7.3 Whether a country reprocesses spent fuel or not
is a key factor in determining what types and volumes of waste
have to be managed. This, in turn, may have a bearing on the long-term
management strategy that can be used. Compared to a "once-through"
fuel cycle, reprocessing reduces the volume of HLW, but increases
the volume of ILW; this could have implications for the volumes
of storage or repository space (or both) that will be required.
Over the whole fuel cycle reprocessing can reduce the volume of
LLW because if uranium and plutonium are recycled less uranium
ore needs to be mined. This off-sets the small additional radioactive
discharges to the air and sea at the reprocessing plant. The following
table shows the volumes of LLW, ILW and HLW arising from 1 GW(e)
year power generation for a fuel cycle with reprocessing and complete
recycling of uranium and plutonium, and a once-through cycle.
If the uranium and plutonium produced by reprocessing are not
recycled the situation is very different because of the large
repository volume that is likely to be required to accommodate
these fissile materials (see para 7.42).
Table 4 Waste arisings
|Waste type||Waste volume (cubic metres)
7.4 Reprocessing involves the chemical and physical
separation of uranium and plutonium from spent nuclear fuel. The
fuel rods are first removed from their support structure and are
chopped into sections. These sections are then dissolved in nitric
acid in order to separate the fuel from its cladding. The resulting
liquor undergoes chemical processing (e.g. using ion-exchange
and organic solvents) and physical techniques (e.g. filtering
and centrifuging) to separate the plutonium and uranium, that
can be re-used, from various waste streams containing the fission
products and fuel cladding.
7.5 The initial impetus behind reprocessing was to
supply plutonium for research and the manufacture of nuclear weapons.

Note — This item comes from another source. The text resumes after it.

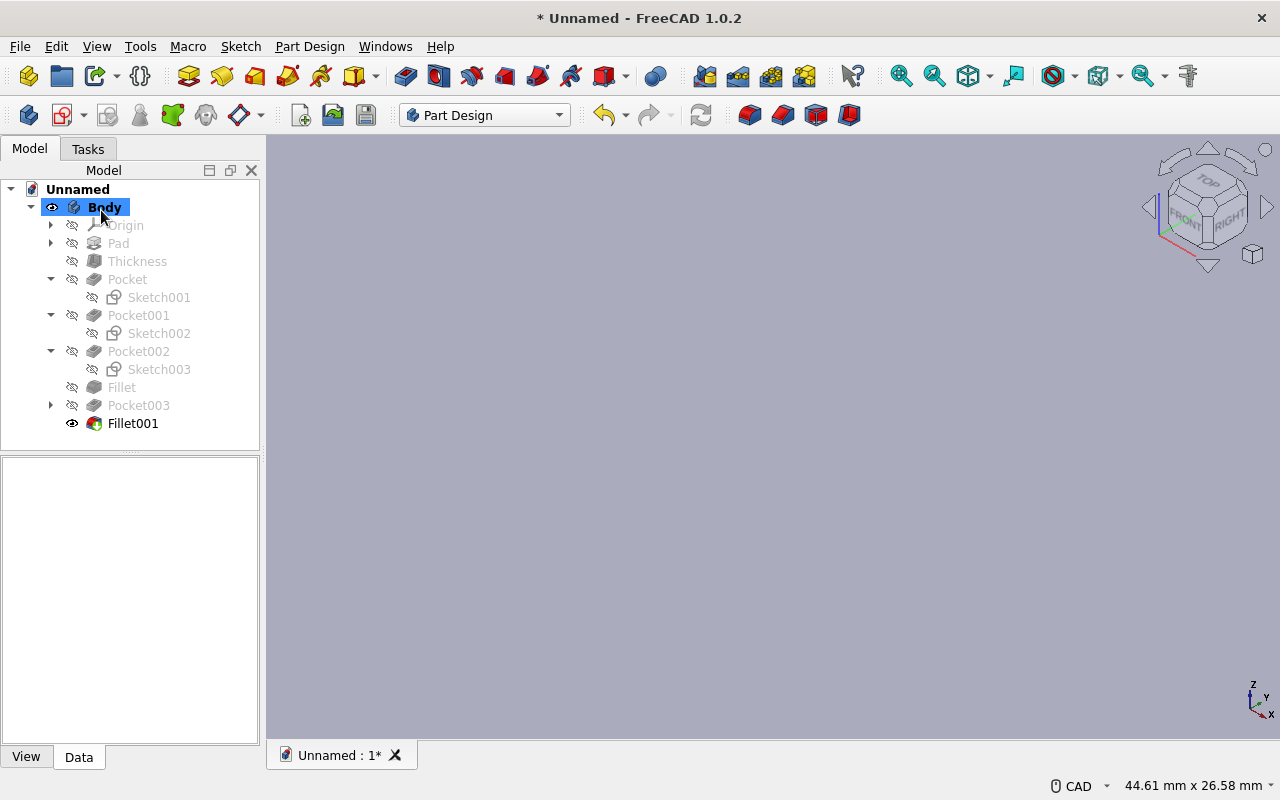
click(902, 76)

More recently, reprocessing has been linked with the more positive
image of recycling (e.g. in advertisements on British television
by BNFL) to show how nuclear power can be a sustainable alternative
to fossil fuels. There is a variety of reasons for reprocessing
spent nuclear fuel:
· To produce plutonium (e.g. for weapons,
fast reactors or mixed oxide fuel, MOX).
· As a waste management strategy for dealing
with otherwise unstable fuel or fuel assemblies (e.g. for dealing
with Magnox fuel).
· To reduce the environmental impact on
uranium mining areas, by reducing uranium demand.
· To recover uranium for use in the manufacture
of new fuel (which conserves supplies of uranium, may give a degree
of fuel supply security, may be cheaper if the price of mined
uranium is high, and can save on fuel enrichment).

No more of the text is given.